Investors Don’t Flock to Stocks

Most mutual fund investors did not abandon stocks during the market decline of 2008 to 2009, but, unlike previous recoveries, have not shown considerable interest in adding to their equity positions during the subsequent rebound, according to research by Vanguard.
“In Equity Abandonment in 2008-2009: Lower Among Balanced Fund Investors,” Vanguard researchers found that only a very small percentage of equity investors sold out of the market entirely during the market tumult. The equity abandonment report analyzed the activity of 2.7 million IRA investors from the beginning of 2007 through October 2009, and found only about 1% of them selling out of the market at the peak of its volatility in October 2008.

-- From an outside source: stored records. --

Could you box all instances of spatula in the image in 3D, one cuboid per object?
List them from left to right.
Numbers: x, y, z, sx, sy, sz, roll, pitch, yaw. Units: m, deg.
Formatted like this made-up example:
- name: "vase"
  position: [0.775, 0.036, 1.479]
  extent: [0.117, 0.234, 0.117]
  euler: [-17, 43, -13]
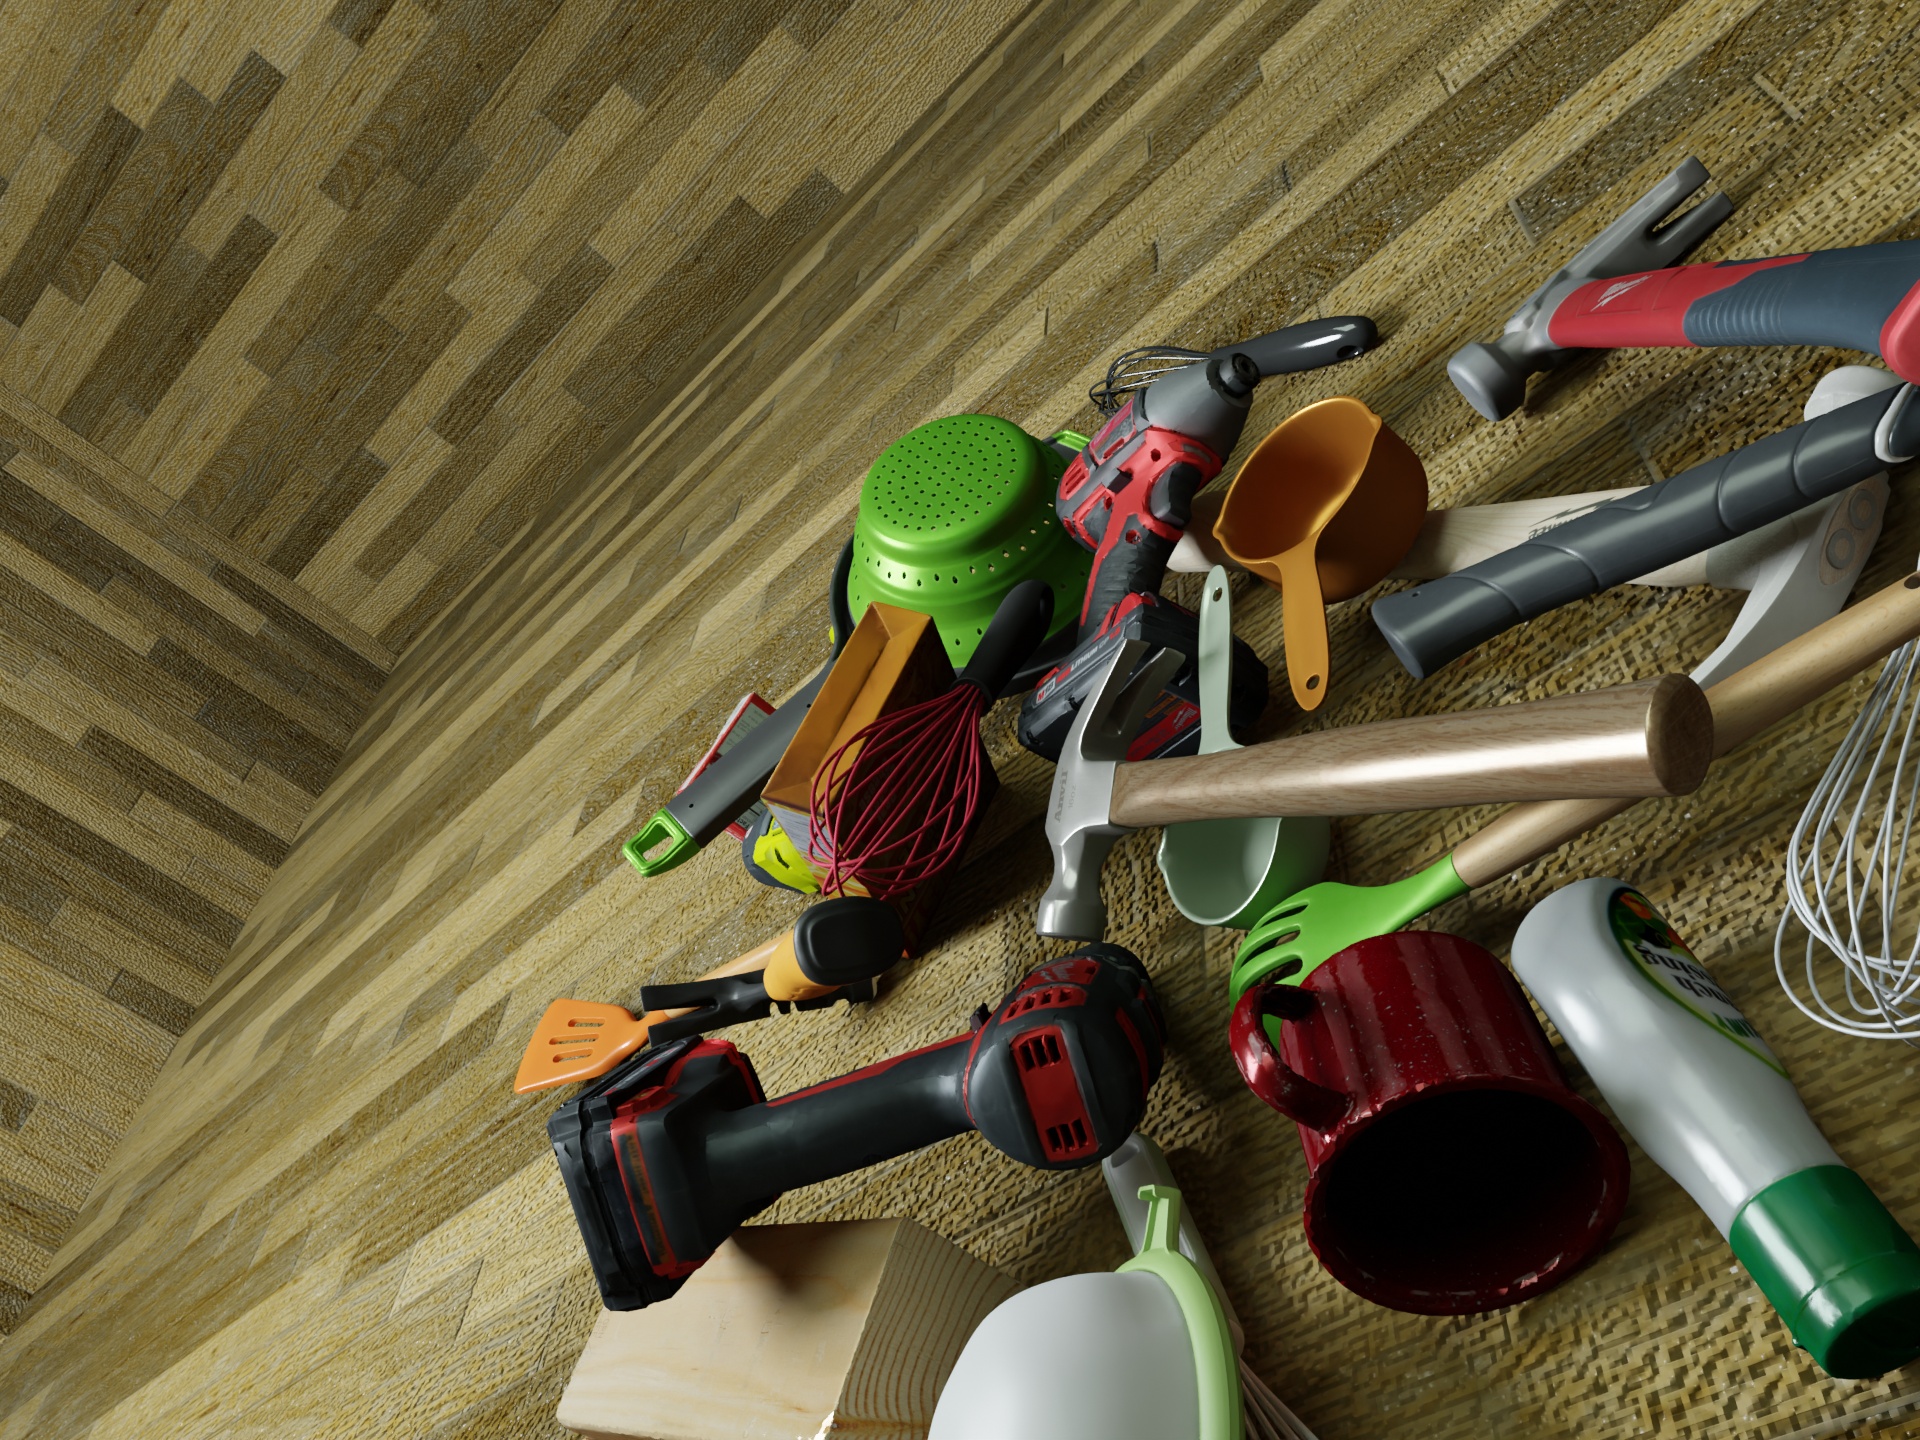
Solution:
- name: "spatula"
  position: [-0.183, 0.178, 1.048]
  extent: [0.322, 0.041, 0.081]
  euler: [-31, 30, 36]

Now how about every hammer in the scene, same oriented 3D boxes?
- name: "hammer"
  position: [-0.081, 0.117, 0.727]
  extent: [0.337, 0.127, 0.034]
  euler: [130, 129, -73]
- name: "hammer"
  position: [0.127, 0.018, 0.593]
  extent: [0.331, 0.031, 0.130]
  euler: [-13, 66, 61]
- name: "hammer"
  position: [0.207, -0.073, 0.720]
  extent: [0.146, 0.038, 0.411]
  euler: [-57, 24, -10]
- name: "hammer"
  position: [0.283, -0.160, 0.567]
  extent: [0.143, 0.038, 0.386]
  euler: [-42, 8, 11]
- name: "hammer"
  position: [0.310, -0.104, 0.488]
  extent: [0.409, 0.036, 0.149]
  euler: [-26, 24, 36]

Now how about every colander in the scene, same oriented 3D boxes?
- name: "colander"
  position: [-0.055, -0.063, 0.942]
  extent: [0.397, 0.094, 0.205]
  euler: [-41, 50, -12]

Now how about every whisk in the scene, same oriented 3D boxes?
- name: "whisk"
  position: [-0.001, -0.002, 0.780]
  extent: [0.073, 0.073, 0.296]
  euler: [-35, 12, 33]
- name: "whisk"
  position: [0.083, 0.211, 0.521]
  extent: [0.058, 0.059, 0.246]
  euler: [-35, 21, 4]
- name: "whisk"
  position: [0.166, -0.220, 0.998]
  extent: [0.239, 0.055, 0.055]
  euler: [1, 55, 55]
- name: "whisk"
  position: [0.297, -0.026, 0.474]
  extent: [0.070, 0.070, 0.285]
  euler: [-18, 35, 51]

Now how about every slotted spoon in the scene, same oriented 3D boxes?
- name: "slotted spoon"
  position: [0.188, 0.036, 0.530]
  extent: [0.313, 0.031, 0.070]
  euler: [-43, 22, 43]

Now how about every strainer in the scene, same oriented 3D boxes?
- name: "strainer"
  position: [0.028, 0.252, 0.439]
  extent: [0.256, 0.069, 0.151]
  euler: [-97, 26, -70]

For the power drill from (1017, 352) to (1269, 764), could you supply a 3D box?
- name: "power drill"
  position: [0.100, -0.084, 0.815]
  extent: [0.143, 0.078, 0.220]
  euler: [-41, 31, 47]

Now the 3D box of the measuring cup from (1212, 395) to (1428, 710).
- name: "measuring cup"
  position: [0.162, -0.062, 0.686]
  extent: [0.095, 0.052, 0.174]
  euler: [-33, 37, 39]

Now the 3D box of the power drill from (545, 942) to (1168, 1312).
- name: "power drill"
  position: [-0.026, 0.145, 0.636]
  extent: [0.226, 0.080, 0.188]
  euler: [-19, -1, 11]

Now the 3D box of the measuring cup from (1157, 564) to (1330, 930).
- name: "measuring cup"
  position: [0.124, 0.010, 0.687]
  extent: [0.083, 0.038, 0.168]
  euler: [-34, 47, 52]

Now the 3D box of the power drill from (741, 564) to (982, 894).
- name: "power drill"
  position: [-0.066, 0.005, 1.045]
  extent: [0.171, 0.080, 0.223]
  euler: [-24, 38, 54]

Men were 10% more likely to discard equities than women. Vanguard said prior academic research has suggested that in general, men might trade more actively than women as a result of greater overconfidence in their ability to make good investment decisions.

People age 65 or older were more than twice as likely to abandon equities as investors between the ages of 45 and 54—consistent with the widely held belief that investors become more risk averse as they age, Vanguard said. Vanguard also found investors with a low level of equity exposure were more likely to abandon equities.

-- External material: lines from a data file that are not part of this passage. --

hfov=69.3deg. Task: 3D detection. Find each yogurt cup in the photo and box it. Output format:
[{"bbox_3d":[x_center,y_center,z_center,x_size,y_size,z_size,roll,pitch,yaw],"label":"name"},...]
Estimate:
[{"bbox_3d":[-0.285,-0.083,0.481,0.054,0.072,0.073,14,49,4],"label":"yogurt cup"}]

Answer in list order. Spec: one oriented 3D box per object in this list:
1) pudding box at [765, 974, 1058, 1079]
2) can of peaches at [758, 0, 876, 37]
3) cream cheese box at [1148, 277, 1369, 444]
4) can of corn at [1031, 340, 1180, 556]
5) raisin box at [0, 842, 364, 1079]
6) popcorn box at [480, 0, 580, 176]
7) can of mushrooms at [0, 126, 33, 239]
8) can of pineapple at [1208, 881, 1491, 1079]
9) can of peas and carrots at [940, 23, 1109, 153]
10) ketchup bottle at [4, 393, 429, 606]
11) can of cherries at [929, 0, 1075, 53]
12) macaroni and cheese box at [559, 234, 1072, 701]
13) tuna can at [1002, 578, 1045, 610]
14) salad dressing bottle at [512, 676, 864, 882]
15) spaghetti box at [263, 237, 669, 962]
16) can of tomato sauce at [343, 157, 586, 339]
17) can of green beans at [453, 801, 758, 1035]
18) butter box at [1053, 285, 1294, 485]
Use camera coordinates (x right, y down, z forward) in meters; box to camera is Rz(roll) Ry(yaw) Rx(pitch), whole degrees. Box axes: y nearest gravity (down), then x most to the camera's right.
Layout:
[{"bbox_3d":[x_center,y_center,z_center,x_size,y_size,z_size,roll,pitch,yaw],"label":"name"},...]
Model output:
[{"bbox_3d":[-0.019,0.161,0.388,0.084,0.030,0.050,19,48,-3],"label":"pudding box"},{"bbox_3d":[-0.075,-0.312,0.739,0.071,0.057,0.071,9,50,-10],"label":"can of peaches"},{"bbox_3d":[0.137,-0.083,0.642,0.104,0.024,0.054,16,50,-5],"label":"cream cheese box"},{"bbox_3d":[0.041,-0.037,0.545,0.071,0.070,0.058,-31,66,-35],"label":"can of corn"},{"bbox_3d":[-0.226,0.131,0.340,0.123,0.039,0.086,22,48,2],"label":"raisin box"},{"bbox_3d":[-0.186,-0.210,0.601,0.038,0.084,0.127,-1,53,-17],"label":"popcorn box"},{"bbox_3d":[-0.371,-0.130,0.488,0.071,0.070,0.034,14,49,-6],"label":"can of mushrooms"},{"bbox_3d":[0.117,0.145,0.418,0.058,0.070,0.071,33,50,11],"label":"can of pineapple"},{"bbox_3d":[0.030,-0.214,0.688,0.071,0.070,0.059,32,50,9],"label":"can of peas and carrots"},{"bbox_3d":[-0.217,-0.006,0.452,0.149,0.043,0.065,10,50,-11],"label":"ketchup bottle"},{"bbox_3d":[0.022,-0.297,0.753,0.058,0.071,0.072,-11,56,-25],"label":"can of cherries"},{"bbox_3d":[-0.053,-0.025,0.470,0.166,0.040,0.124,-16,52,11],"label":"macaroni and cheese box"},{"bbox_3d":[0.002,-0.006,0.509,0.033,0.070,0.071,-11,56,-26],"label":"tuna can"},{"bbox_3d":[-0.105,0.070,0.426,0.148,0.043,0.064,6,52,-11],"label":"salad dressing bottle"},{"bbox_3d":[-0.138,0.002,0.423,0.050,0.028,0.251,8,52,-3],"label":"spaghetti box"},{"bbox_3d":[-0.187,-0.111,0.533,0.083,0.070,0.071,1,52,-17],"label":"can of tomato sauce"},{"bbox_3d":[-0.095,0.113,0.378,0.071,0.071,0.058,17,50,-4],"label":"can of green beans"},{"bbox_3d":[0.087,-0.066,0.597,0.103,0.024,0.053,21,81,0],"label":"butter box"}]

Meanwhile, balanced investors tended to stick with their funds, especially those who held only one balanced fund, which includes both stocks and bonds. The abandonment rate of these balanced investors was about 50% lower than that of investors who owned equity funds and no balanced funds.

Too Timid to Come Back?

In a separate report, “2009: A Return to Risk-Taking,” Vanguard researchers examined industry cash flow data in 2009 and determined that investors’ heavy preference for bond funds over stock funds during the equity market recovery was the reverse of that seen in previous revivals.

In the risk-taking report, Vanguard noted that investors typically react to the start of a bull market by earmarking money to equities as prices rebound. In 2003, when the last bull market began, investors pulled $265 billion from money-market funds and placed $152 billion and $51 billion in equity funds and bond funds, respectively, according to Vanguard.

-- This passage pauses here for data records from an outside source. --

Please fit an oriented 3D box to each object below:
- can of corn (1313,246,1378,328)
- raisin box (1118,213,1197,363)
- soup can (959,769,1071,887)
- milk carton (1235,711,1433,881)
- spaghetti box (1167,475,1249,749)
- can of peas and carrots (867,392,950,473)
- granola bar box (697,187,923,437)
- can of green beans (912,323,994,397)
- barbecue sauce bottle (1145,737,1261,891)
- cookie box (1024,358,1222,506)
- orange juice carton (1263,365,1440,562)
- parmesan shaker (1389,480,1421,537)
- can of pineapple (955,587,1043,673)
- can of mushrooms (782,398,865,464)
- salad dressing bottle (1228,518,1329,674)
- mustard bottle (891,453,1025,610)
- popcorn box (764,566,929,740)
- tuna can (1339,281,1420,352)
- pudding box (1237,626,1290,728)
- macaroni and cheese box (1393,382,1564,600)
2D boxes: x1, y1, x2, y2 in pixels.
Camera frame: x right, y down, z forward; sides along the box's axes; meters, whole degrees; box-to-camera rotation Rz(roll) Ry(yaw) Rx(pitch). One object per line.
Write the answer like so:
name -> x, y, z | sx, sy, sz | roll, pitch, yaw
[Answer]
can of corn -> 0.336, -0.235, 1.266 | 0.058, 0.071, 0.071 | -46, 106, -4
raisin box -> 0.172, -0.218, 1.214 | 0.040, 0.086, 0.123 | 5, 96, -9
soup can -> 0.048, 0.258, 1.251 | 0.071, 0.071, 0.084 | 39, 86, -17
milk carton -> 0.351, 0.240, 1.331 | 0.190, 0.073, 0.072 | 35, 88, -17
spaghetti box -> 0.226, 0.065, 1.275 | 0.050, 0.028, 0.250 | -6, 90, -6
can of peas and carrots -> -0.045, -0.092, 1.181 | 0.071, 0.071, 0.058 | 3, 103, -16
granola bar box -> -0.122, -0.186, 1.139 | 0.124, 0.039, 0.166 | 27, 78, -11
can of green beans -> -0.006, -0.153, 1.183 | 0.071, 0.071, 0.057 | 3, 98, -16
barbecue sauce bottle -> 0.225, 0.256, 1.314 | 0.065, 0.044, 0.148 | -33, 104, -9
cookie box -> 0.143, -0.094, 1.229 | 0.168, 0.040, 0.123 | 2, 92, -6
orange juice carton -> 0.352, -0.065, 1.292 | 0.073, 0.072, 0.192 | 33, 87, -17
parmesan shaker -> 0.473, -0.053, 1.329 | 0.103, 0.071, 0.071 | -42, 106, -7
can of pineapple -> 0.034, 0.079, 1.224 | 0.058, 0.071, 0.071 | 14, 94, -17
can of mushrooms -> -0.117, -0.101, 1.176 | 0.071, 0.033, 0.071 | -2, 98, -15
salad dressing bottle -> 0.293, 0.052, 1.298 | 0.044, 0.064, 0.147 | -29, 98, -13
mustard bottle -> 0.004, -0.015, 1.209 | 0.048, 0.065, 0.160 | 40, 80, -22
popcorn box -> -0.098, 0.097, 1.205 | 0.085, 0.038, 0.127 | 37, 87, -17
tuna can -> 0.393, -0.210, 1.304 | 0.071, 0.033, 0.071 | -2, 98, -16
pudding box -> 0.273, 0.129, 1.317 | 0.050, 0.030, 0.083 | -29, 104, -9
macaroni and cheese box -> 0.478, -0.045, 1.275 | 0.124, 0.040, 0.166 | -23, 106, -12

However, through November 2009, investors pulled $500 billion from money market funds, and, despite one of the strongest bull markets in history, withdrew $9 billion from stock funds. During the same period, bond funds attracted $340 billion.

"Investors who opted for money-market funds during the crisis may have been ready to take on more risk as the rebound became stronger, and considered bond funds the logical next step instead of the greater potential risk associated with equity funds," said Francis Kinniry, a principal in the Vanguard Investment Strategy Group, in a release about the study. However, Kinniry warned that investors should recognize that bond funds are not risk-free (see “Bond Fund Investors Beware”).

Vanguard has prepared a special report to help investors better understand bond funds. The risk-taking report also reaffirms the value of prudent diversification, pointing out that from the start of the bear market in 2007 through December 31, 2009, an investor with a 100% stock portfolio lost nearly 25%, while an investor with a 50% stocks/50% bonds portfolio lost only 5%.